When I’m talking about my work, I often get asked the same question. “Why?” “Why do you do what you do? Why do I travel thousands of miles to dangerous parts of the world to document life? I do it because I am fascinated and ravenously curious about the unknown. As a result I try to navigate the tight spaces of the world, and take away beautiful stories and images from them. The objective of my work is truth, to show what lies beneath the surface or out of sight.

I knew that this family would and should be the film.

The way that I started making this film was that I was in Nicaragua on assignment as a photojournalist for a European newspaper. A friend of mine who was doing another documentary in Nicaragua suggested that I go to La Chureca, the massive landfill in Managua. When I saw it for the first time I was speechless. My work had taken me to many places of abject poverty, but this seemed more extreme.

The days passed and I couldn’t shake what I had seen. I knew that I needed to learrn more about the denizens that spent their days sifting though the foulest of the foul to sustain life. I made the decision before I left Nicaragua to return the next month and begin making a film that would shine a light on what I had witnessed. My plan was to make a film about several people living there lives over the course of six months or so, edit and have a completed film within a year.

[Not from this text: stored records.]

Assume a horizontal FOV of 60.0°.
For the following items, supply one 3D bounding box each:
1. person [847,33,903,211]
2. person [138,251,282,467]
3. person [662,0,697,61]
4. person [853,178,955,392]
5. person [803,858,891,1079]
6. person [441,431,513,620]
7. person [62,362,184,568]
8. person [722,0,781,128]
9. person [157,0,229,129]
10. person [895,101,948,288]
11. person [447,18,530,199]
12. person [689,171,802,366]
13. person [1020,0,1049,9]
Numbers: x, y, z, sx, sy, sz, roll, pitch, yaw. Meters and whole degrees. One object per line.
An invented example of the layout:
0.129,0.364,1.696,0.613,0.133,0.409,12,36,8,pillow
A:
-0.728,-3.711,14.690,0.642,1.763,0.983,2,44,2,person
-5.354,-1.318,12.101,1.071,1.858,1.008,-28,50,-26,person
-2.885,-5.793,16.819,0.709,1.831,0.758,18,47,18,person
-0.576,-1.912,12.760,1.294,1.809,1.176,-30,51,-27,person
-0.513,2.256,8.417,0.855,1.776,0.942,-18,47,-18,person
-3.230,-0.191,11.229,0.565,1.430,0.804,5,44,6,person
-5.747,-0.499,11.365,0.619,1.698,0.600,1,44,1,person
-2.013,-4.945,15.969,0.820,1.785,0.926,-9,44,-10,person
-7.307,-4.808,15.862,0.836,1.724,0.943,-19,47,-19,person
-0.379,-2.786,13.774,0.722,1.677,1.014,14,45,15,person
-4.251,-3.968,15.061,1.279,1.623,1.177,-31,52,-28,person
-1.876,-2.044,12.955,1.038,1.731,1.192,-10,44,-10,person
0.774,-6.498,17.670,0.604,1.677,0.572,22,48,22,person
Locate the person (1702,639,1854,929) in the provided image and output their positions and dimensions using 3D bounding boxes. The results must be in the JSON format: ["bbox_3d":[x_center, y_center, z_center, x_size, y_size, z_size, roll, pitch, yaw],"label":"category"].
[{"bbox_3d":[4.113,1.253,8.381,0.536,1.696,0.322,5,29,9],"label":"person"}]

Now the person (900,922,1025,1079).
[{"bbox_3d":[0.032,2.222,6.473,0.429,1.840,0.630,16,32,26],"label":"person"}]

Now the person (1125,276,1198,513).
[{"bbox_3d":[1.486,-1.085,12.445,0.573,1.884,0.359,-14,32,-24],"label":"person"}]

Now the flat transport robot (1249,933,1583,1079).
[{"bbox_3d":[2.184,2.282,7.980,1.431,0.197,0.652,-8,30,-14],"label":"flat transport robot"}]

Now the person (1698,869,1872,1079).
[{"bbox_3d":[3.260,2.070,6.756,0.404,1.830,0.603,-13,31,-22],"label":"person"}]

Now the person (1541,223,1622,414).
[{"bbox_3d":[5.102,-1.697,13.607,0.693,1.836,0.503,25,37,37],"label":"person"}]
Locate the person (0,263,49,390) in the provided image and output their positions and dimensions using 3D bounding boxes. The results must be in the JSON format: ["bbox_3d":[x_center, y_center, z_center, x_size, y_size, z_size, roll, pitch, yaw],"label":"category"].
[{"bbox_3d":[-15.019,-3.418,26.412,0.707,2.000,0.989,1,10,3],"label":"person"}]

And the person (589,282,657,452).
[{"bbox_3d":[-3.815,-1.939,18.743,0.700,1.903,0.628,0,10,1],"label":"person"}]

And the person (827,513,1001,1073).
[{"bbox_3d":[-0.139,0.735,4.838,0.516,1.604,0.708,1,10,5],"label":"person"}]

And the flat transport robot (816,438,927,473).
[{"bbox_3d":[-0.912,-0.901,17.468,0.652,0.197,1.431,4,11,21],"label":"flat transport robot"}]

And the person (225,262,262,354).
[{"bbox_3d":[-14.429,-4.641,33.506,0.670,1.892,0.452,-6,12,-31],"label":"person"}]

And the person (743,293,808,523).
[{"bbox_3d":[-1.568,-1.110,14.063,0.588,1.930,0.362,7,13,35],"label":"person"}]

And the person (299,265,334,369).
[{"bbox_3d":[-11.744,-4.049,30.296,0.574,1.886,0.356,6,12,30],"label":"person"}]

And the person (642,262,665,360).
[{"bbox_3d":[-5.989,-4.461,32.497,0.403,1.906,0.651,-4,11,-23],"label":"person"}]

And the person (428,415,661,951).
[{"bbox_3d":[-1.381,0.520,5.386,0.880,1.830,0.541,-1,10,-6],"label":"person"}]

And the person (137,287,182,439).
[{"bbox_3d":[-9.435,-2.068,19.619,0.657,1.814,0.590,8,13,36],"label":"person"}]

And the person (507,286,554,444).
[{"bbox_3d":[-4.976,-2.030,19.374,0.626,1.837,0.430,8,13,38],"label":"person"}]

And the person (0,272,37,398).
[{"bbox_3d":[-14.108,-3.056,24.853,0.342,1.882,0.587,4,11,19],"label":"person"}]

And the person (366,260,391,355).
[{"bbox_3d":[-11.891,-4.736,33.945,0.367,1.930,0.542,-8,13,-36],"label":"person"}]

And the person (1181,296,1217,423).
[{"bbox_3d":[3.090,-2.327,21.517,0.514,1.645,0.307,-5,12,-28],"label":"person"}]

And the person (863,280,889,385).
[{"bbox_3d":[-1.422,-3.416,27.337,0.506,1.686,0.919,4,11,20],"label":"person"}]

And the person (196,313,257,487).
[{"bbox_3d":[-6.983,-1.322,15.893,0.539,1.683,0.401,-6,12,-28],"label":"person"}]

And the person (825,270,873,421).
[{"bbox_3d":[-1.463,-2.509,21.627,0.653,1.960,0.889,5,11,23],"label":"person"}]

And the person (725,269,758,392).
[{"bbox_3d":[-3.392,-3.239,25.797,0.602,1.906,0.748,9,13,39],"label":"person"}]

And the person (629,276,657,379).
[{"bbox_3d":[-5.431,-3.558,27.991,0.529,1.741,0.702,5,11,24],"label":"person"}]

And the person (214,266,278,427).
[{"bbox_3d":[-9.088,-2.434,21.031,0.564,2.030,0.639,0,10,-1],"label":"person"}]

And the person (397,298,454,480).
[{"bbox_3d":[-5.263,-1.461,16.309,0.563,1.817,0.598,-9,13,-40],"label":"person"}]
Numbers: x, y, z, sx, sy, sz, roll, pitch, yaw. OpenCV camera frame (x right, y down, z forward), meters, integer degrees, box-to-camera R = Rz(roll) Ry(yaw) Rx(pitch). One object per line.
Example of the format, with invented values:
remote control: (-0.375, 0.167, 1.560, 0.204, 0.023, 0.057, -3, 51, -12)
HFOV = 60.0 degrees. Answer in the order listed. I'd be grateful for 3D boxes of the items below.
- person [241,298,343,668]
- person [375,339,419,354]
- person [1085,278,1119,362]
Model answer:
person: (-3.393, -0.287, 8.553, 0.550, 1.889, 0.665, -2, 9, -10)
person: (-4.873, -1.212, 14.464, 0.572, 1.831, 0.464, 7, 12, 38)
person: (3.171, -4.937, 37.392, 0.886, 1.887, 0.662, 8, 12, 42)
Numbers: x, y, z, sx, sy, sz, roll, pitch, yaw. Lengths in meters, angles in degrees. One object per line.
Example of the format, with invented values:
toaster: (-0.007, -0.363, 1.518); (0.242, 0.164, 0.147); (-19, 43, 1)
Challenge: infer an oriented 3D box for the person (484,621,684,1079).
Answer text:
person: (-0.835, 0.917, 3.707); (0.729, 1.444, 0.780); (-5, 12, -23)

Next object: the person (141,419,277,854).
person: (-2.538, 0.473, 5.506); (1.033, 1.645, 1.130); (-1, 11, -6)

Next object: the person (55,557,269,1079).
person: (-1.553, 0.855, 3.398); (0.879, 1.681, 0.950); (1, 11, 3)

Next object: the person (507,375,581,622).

That was in 2011 and my plan got …revised. When I saw the four kids from this film gathering rotting fish carcasses for the first time, their togetherness, lightheartedness and ease in front of the camera, struck me. I knew that this family would and should be the film.

I wound up traveling to Nicaragua 11 times over seven years spending close to 300 days there in total. The final trip was in January of 2018. The result of which is nearly 200 hours of footage smelted down into a 1 hour 40 minute documentary that I could never have envisaged when I began.

This film is the work that I am most proud of in my life. The other thing that I often get asked is “What advice would you give to someone making a documentary for the first time?” To me ethics in documentary is paramount so my answer is always the same, “Tell the truth of the subject and not your own.”